Development and evaluation of a PLGA/TiO₂ nanocomposite for periodontal applications: Synthesis, characterization, and cytocompatibility with human gingival fibroblasts—An in vitro study

Abstract

Background. Titanium dioxide (TiO₂) nanoparticles exhibit promising antibacterial and structural properties but raise concerns of cytotoxicity in oral soft tissues. Incorporating TiO₂ into biocompatible polymers such as poly(lactic-co-glycolic acid) (PLGA) may reduce these adverse effects and improve clinical applicability in periodontal therapy.

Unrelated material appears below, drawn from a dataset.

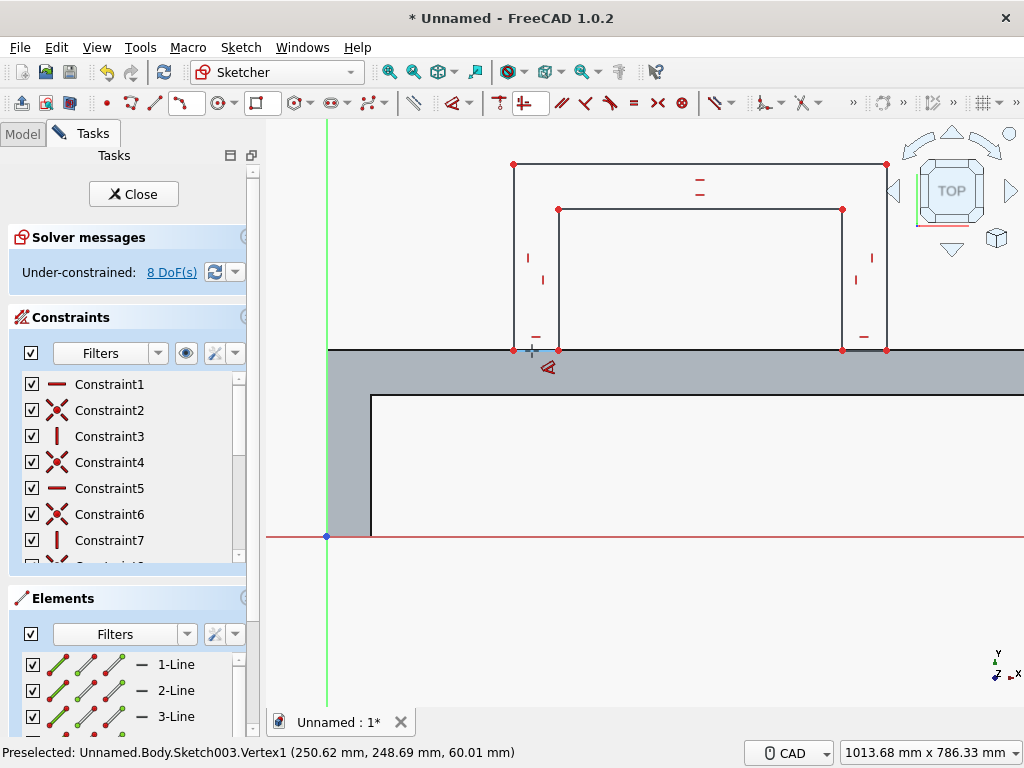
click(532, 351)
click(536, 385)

Methods. TiO₂ nanoparticles were synthesized via a modified sol–gel method and incorporated into PLGA matrices with and without polyvinylpyrrolidone (PVP) as a stabilizer. The formulations were characterized using Fourier-transform infrared (FTIR) spectroscopy, field emission scanning electron microscopy (FESEM), thermogravimetric analysis (TGA), dynamic light scattering (DLS), and x-ray diffraction (XRD). Cytocompatibility was evaluated using the MTT assay on HGF cells across concentrations of 1–100 μg/mL after 24 and 48 h.

Results. TiO₂ nanoparticles alone induced significant, dose- and time-dependent cytotoxicity, reducing cell viability to ~45% at 100 μg/mL after 48 h (P<0.01). Pure PLGA maintained>90% cell viability at all tested concentrations. The PLGA/TiO₂ nanocomposite showed markedly reduced cytotoxicity, maintaining>80% viability even at 100 μg/mL. Incorporation of PVP improved nanoparticle dispersion, as confirmed by FESEM and DLS, and enhanced the thermal stability of the composite.

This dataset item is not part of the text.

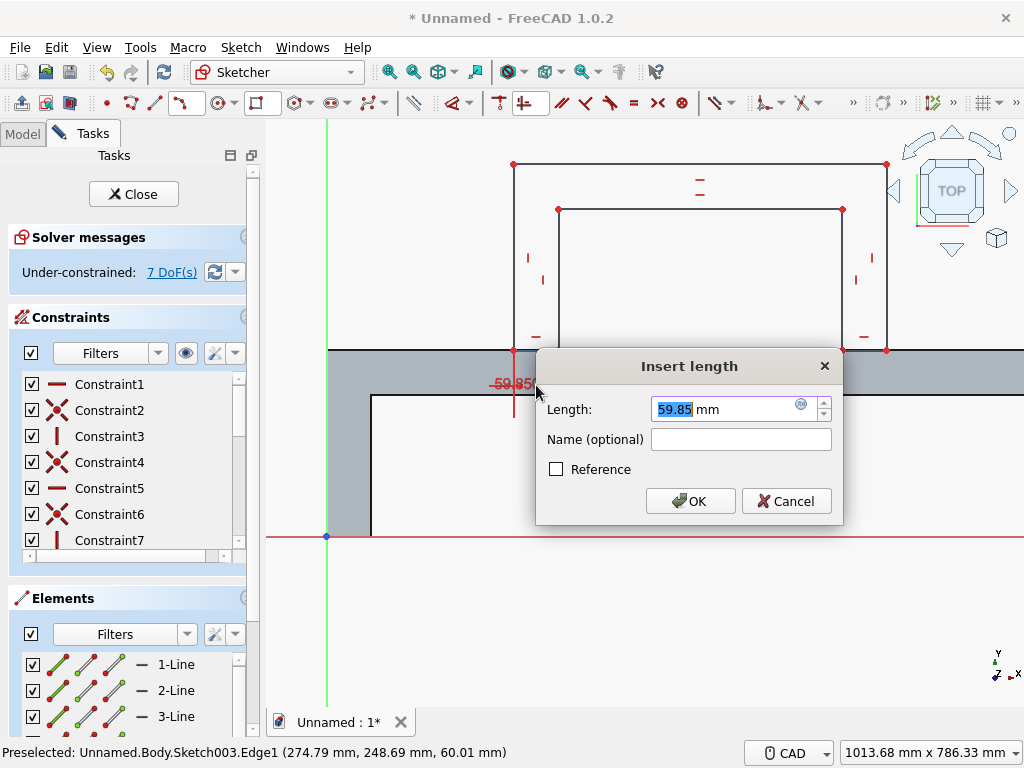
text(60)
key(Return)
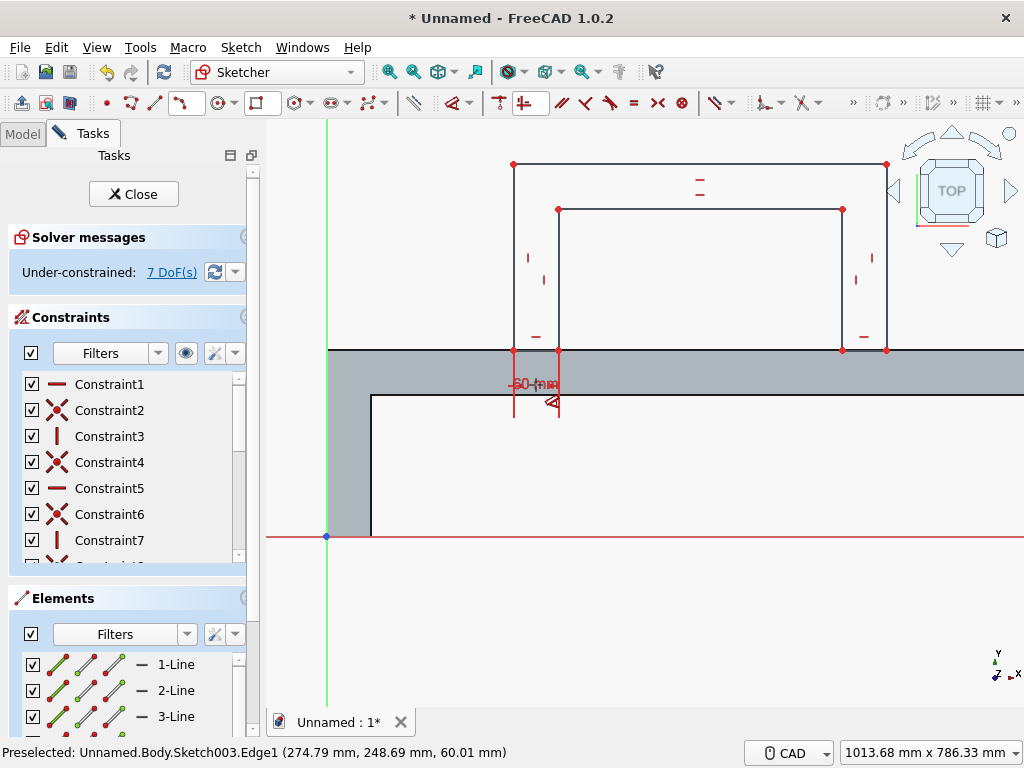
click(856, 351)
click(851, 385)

Conclusion. Encapsulation of TiO₂ within a PLGA matrix significantly mitigated cytotoxicity while preserving structural stability, with PVP further improving homogeneity and heat resistance. These findings highlight the potential of PLGA/TiO₂ nanocomposites as safe and effective candidates for periodontal wound dressings, implant coatings, or regenerative scaffolds.